TASK DESCRIPTION – Pull every line from the records that has the word "minimum" in it.

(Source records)
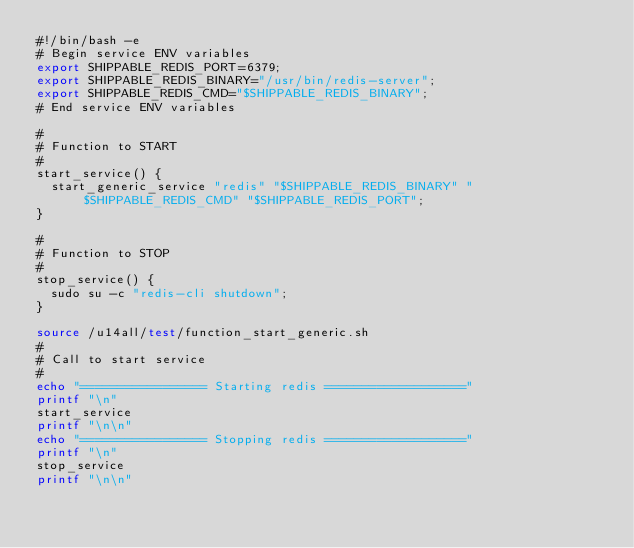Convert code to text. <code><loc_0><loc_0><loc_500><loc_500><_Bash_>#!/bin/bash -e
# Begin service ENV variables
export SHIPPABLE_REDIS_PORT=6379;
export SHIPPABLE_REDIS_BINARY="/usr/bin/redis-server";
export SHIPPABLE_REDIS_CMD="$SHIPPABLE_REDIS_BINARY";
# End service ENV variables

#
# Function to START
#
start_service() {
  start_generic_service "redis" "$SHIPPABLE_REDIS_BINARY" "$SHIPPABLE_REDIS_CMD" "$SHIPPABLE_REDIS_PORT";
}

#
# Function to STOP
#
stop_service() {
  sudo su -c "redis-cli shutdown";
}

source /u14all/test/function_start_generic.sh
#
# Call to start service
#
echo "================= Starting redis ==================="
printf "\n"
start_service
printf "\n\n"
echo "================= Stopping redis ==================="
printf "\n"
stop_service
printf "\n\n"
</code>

* * *

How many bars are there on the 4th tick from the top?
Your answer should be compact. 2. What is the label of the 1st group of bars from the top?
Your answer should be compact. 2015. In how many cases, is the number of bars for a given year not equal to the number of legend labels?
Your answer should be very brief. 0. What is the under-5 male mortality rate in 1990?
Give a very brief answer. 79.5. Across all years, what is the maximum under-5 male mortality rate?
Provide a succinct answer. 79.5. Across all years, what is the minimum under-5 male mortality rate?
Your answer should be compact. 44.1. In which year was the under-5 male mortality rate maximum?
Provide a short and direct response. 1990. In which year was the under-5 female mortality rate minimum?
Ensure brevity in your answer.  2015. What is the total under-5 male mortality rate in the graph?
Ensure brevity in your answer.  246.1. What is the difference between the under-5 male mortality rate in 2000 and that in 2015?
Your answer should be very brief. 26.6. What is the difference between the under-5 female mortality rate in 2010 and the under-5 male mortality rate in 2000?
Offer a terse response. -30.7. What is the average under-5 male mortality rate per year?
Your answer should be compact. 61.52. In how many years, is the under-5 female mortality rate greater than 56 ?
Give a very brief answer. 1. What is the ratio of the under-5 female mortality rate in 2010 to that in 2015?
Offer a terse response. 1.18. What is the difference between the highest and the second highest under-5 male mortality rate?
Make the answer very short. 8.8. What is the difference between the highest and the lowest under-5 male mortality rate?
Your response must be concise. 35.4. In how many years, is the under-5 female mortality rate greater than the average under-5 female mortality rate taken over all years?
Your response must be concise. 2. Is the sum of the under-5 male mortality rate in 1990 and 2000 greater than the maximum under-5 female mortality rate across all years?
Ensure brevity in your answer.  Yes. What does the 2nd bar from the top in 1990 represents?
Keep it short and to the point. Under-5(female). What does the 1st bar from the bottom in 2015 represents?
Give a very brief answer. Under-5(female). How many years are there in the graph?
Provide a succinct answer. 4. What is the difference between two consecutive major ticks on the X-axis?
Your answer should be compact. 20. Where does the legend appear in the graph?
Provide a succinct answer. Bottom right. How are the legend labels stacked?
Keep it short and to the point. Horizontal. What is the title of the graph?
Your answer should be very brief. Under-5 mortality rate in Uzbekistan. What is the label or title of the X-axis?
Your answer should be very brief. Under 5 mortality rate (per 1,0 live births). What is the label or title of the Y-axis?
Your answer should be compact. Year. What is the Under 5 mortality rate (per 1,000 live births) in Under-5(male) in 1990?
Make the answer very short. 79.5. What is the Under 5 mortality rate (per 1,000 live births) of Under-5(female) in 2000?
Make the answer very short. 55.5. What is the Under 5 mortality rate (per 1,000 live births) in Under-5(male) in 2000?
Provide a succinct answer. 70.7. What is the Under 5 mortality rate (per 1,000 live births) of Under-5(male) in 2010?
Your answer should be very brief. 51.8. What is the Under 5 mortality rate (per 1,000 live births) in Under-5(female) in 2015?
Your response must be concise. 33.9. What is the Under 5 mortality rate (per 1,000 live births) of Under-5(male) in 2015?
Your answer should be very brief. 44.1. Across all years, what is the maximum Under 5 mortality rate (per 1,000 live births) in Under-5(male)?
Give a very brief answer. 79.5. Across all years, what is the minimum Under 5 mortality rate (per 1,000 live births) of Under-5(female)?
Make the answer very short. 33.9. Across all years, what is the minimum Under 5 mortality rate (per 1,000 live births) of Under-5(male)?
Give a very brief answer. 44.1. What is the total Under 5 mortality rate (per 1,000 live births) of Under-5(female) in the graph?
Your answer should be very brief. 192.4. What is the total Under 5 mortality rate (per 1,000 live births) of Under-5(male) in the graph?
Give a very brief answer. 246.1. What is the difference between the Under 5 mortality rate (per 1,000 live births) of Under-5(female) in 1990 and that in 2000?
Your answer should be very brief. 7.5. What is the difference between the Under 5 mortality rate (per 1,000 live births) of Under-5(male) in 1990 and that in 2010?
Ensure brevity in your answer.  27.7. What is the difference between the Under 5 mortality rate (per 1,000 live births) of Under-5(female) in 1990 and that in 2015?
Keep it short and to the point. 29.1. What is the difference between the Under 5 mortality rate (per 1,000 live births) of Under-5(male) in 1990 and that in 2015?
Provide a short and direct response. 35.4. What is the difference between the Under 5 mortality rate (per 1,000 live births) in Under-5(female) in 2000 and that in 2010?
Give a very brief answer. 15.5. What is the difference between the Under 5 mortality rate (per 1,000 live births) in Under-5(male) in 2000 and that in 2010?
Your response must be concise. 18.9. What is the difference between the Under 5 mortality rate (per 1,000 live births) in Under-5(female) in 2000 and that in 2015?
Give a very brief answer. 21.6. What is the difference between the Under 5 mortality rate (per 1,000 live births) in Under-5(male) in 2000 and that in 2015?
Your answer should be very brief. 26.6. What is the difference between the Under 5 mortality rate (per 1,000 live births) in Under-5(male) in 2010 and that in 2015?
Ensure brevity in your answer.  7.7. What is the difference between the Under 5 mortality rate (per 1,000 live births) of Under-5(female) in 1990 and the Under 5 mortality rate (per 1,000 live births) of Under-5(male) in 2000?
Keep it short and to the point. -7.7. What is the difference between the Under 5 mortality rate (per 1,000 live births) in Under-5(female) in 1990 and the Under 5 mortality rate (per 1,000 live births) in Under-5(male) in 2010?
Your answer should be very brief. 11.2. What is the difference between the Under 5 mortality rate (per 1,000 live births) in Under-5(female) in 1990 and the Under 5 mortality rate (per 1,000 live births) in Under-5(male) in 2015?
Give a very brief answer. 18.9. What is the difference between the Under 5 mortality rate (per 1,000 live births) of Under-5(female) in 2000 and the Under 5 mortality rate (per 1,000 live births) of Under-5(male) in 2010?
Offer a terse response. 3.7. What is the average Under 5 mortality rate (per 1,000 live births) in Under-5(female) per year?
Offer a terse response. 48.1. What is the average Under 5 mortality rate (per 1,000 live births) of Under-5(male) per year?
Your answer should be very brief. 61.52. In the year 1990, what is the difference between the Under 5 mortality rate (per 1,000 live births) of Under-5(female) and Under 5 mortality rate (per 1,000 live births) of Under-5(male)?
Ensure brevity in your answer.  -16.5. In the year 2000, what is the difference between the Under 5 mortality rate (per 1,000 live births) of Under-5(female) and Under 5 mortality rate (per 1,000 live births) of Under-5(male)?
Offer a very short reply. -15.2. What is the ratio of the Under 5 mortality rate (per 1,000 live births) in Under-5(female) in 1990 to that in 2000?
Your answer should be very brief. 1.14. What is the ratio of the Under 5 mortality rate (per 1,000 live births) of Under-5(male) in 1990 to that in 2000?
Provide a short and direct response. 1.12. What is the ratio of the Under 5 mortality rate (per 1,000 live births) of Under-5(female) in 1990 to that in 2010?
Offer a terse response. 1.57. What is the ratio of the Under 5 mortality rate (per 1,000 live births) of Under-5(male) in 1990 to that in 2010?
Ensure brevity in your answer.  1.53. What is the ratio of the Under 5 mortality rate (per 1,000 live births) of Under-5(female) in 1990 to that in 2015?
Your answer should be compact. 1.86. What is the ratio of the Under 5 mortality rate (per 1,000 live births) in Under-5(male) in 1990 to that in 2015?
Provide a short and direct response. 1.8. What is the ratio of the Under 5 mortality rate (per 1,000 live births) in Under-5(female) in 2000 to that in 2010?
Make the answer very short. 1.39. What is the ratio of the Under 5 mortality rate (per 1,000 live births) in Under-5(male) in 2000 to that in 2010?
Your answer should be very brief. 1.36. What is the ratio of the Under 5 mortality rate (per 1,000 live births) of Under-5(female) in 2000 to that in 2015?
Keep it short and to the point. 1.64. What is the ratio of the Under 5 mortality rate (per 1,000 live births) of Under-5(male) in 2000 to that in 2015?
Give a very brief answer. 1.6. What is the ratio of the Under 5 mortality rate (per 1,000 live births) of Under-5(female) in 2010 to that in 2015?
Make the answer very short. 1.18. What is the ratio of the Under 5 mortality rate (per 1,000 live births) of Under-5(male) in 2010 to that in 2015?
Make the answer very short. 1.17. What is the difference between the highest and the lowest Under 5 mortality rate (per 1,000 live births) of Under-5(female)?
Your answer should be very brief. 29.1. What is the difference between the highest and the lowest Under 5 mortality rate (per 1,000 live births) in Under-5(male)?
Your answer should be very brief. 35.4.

RESPONSE TO THE TASK –
Provide a succinct answer. 79.5. Across all years, what is the minimum under-5 male mortality rate?
Provide a short and direct response. 1990. In which year was the under-5 female mortality rate minimum?
Give a very brief answer. 79.5. Across all years, what is the minimum Under 5 mortality rate (per 1,000 live births) of Under-5(female)?
Make the answer very short. 33.9. Across all years, what is the minimum Under 5 mortality rate (per 1,000 live births) of Under-5(male)?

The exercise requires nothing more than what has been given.